Data Warehouse & Data mining Concepts


What is a data warehouse - A 101 guide to modern data warehousing

This article discusses data warehousing from a holistic standpoint and quickly touches upon all the relevant concepts that one needs to know. Start here if you do not know where to start from.
Since this site is dedicated to data warehousing professionals, it was plain for us to assume that visitors of this site are already quite familiar with the basic concepts of data warehousing and business intelligence. Creating basic tutorials on these subjects were perhaps too obvious for us to do and that explains why there are not many articles on the basic concepts and definitions of data warehousing in this site. But something began to strike us.
We began to realize that there are still a lot of craving among our readers to understand the basic. And wikipedia definition of data warehousing is not enough for them - partly because of the inadequate elaboration and partly because of the heterogeneous background and experiences of our users who are still struggling to grasp the fundamentals. So we decided to produce a set of comprehensive and basic ground up articles for our readers to enable them venture deep into the subject of data warehousing. So let's begin with what is data warehousing, and what is business intelligence and why should we care.

What is data warehousing?

Data warehousing is the science of storing data for the purpose of meaningful future analysis.
Yes, it is a science (not much art involved!) and it deals with the mechanism of electronically storing and retrieving data so that some analysis can be performed on that data to corroborate / support a business decision or to predict a business outcome.
What is Business Intelligence?
Business Intelligence, on the other hand, is simply the art and science of presenting historical data in a meaningful way (often by using different data visualization techniques).
Raw data stored in databases turns into valuable information through the implementation of Business Intelligence processes.

Why data warehouse?

DW technologies provide historical, current and predictive views of business operations by analyzing the present and historical business data. Data analysis is often done using visualization techniques that turn complex data into images that tells compelling story. Raw data by this process of analysis help management take right decisions.
As an example of how modern visualization techniques are helping to unlock the complex and hidden information stored deep inside the data, visit
GapMinder is a small tool conceptualized by Prof.
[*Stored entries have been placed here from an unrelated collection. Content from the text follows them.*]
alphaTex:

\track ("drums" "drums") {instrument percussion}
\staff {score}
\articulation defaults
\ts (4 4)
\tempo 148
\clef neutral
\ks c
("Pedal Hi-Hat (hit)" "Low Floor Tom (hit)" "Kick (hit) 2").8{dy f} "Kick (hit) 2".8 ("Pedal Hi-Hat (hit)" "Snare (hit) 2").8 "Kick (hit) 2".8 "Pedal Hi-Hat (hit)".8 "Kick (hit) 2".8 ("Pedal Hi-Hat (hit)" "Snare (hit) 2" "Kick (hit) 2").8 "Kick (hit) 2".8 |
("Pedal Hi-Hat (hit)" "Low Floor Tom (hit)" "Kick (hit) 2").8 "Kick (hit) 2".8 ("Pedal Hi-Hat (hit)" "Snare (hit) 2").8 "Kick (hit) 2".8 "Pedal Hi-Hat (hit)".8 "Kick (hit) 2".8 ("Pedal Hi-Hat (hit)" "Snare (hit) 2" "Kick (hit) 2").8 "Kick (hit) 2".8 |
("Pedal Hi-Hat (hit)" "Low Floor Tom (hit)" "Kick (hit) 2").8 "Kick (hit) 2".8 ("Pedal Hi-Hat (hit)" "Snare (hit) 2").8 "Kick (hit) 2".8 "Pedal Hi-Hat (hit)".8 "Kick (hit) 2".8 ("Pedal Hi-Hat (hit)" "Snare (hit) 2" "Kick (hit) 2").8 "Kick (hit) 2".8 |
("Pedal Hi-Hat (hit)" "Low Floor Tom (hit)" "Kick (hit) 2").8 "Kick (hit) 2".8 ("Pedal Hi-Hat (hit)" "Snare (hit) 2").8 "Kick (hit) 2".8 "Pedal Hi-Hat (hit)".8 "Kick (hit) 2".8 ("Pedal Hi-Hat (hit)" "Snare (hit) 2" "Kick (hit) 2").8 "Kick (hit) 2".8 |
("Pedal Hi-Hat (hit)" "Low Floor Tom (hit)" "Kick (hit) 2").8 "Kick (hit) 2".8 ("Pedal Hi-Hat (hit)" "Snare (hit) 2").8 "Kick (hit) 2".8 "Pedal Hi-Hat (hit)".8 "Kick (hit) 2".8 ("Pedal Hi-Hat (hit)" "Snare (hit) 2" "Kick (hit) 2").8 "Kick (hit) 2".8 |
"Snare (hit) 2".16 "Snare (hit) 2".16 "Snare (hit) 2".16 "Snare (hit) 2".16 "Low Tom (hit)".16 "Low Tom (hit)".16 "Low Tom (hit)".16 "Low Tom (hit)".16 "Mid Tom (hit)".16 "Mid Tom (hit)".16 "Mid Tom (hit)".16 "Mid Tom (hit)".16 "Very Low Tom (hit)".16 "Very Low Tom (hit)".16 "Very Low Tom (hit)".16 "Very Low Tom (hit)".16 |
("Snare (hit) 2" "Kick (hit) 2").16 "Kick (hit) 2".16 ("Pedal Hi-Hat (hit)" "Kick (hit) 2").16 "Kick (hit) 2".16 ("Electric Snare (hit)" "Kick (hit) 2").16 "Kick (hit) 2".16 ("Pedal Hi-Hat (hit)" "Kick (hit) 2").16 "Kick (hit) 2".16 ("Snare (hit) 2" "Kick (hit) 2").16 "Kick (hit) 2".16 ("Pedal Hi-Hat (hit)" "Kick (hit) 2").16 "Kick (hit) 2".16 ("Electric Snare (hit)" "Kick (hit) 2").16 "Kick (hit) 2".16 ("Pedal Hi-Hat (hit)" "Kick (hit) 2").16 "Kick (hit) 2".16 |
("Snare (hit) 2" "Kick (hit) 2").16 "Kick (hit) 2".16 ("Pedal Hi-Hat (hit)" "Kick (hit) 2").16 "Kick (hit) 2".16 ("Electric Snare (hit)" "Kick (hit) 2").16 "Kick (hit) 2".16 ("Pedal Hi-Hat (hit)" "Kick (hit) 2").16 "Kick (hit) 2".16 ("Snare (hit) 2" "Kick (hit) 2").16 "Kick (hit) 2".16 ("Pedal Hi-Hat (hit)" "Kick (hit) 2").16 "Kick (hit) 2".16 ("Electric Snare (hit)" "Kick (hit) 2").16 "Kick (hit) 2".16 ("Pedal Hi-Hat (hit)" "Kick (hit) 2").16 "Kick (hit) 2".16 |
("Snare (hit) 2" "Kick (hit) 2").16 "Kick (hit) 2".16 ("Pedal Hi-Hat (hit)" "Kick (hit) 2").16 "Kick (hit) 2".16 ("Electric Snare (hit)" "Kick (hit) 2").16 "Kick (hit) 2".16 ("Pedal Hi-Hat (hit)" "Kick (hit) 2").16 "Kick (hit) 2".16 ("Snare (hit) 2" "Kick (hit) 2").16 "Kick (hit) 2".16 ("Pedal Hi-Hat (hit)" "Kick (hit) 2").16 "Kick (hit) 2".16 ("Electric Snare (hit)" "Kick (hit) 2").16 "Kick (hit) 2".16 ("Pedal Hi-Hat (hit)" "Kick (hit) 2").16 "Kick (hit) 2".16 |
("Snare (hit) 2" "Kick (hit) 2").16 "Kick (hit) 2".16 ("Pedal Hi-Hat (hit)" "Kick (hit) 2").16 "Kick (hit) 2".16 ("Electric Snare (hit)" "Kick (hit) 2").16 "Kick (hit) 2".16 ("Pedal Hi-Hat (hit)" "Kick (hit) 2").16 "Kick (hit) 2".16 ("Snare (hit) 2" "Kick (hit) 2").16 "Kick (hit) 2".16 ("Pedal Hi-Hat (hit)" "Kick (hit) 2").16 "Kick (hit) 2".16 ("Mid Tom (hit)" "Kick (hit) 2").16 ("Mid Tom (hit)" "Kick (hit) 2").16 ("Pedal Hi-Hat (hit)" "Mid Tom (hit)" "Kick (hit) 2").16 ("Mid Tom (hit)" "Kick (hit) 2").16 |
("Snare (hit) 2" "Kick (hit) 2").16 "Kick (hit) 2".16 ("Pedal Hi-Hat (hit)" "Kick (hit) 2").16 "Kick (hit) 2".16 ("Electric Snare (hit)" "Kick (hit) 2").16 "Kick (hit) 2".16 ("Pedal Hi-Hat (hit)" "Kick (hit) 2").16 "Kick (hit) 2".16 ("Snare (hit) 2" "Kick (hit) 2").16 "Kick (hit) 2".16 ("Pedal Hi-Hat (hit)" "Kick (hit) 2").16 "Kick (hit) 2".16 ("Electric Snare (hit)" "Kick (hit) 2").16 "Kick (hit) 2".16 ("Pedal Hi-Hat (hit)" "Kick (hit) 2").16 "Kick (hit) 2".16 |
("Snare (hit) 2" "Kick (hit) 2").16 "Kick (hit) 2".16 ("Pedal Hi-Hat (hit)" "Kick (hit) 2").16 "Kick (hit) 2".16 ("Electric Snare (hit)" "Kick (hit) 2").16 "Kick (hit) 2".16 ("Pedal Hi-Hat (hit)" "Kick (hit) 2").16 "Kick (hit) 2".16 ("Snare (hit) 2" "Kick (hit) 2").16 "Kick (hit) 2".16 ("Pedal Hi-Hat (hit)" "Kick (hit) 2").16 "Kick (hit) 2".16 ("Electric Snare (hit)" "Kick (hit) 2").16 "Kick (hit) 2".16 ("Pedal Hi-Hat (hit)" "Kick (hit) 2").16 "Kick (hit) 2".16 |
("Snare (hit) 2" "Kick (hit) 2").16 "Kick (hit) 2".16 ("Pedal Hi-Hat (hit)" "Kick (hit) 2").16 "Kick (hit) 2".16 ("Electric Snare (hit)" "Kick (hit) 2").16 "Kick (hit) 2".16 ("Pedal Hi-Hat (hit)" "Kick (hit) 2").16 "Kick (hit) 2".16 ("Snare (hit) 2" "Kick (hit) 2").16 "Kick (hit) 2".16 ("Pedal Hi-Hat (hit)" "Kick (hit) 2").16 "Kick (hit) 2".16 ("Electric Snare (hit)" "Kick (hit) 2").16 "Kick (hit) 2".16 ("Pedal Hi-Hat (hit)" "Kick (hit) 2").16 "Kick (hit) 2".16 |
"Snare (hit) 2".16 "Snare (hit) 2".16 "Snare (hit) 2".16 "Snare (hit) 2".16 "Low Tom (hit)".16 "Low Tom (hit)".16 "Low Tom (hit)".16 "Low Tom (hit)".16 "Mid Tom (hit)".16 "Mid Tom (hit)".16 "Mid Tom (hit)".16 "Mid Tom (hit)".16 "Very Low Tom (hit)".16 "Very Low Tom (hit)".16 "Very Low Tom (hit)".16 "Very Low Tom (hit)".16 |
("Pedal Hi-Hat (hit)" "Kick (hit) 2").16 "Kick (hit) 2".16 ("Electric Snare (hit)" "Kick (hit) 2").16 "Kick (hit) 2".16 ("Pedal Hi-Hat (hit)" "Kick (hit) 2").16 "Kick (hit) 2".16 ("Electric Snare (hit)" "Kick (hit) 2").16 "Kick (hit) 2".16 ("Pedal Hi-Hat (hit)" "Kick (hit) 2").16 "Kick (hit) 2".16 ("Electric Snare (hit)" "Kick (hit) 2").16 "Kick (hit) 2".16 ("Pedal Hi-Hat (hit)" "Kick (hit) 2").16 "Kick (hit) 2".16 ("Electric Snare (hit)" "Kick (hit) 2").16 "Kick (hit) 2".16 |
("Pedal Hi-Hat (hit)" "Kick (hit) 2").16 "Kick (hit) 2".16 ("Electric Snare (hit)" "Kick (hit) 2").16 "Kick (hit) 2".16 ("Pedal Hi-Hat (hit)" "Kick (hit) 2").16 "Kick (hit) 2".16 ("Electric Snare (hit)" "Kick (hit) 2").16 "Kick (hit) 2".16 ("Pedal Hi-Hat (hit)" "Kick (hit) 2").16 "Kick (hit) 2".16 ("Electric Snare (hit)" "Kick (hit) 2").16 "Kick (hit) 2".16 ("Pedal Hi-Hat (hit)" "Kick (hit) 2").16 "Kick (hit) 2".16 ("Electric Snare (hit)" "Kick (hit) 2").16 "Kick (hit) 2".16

Hans Rosling, that analyzes complex socio-economical data to reveal world's most important trends
To further demonstrate the need of data warehousing, consider this.
English: Typical Data Warehouse Functional Diagram Let's imagine a company called "FairShop" that has 1000 retail outlets across USA. The company has built one data warehouse to store the data collected from all the shop outlets so that they can analyze the data to gather business intelligence.
The company collects raw sales data from all of their outlet shops (through a process called ETL) and then load them into a place called Data warehouse or data mart (at this point don't bother too much about the exact meaning and differences of data mart and data warehouse - we will get to it in detail later).
Once the data is there in data warehouse (or data mart) business intelligence techniques are applied to that data for analysis and reporting. Since the company now has the sales and purchase information from all their shops in a centralized place, it can easily use this data to answer some rudimentary questions about their business e.g. what shop makes highest sales, which product is most popular across the shop, what is the stock balance etc.
It is very common to talk about both data warehousing and business intelligence together since business intelligence in this context refers to analyzing the data in data warehouse. As Wikipedia puts it:
"Common functions of business intelligence technologies are reporting, online analytical processing, analytics, data mining, process mining, complex event processing, business performance management, benchmarking, text mining and predictive analytics."

Building the definition of data warehouse

There are couple of points to notice from the typical retail scenario shown above. These points form the base of our discussion on the definition.
  1. Objective of building a data warehouse is to store data that are required for analysis and reporting
  2. For a data warehouse to function, it should be supplemented with a process that can collect and load data into it (e.g. ETL)
  3. In a data warehouse, data actually flows from the source to target - so the contents of the data warehouse would be different between 2 given points in time
Now if I tell you that, the definition of data warehouse can be constructed from the above 3 points - that shouldn't surprise you. But what will surprise you is - a lot of these points are not really considered in the classic definition of data warehouse.
So let's discuss the classic definitions of data warehouse first.

Classic Definition of Data Warehouse - A peek in the hostory

The history of data warehouse dates back to 1960. Without going into detail, here we will quickly touch upon a few noteworthy events of the history of data warehouse. In 1970, ACNielsen, a global marketting research company, published sales data pertaining to retail industry in the form of dimensional data mart.
Earlier than this, the concept of data warehouse for analysis was only a subject of academic pursuit.
Along the same time, the concept of decision support system were gradually developing and people started to realize that data stored in operational systems (e.g. data stored in the individual stores of a retail chain) are not easy to analyze in the time of decision making. So in 1983, Teradata introduced a database management system specifically designed for decision support.
In this decade and next, several people experimented with several designs of data warehouse and some of them were quite successful. In the year 1992, one of them, named Bill Inmon published a book - Building the Data Warehouse - which among other things, gave us a widely accepted definition of what a data warehouse is. We will soon jump into that definition. But before that let me mention one more author - Ralph Kimball - who 4 years later in 1996 wrote another book - Data warehouse toolkit - showing us yet another approach of defining and building a data warehouse. Since then, both Inmon and Kimball approaches are widely accepted and implemented throughout the globe.
So How did Bill Inmon defined a data warehouse? Here it is:
A data warehouse is a subject oriented, non-volatile, integrated, time variant collection of data in support of management's decisions.
Now let's understand this definition.

Explanation on the classic definition of data warehouse

Subject Oriented

This means a data warehouse has a defined scope and it only stores data under that scope. So for example, if the sales team of your company is creating a data warehouse - the data warehouse by definition is required to contain data related to sales (and not the data related to production management for example)


This means that data once stored in the data warehouse are not removed or deleted from it and always stay there no matter what.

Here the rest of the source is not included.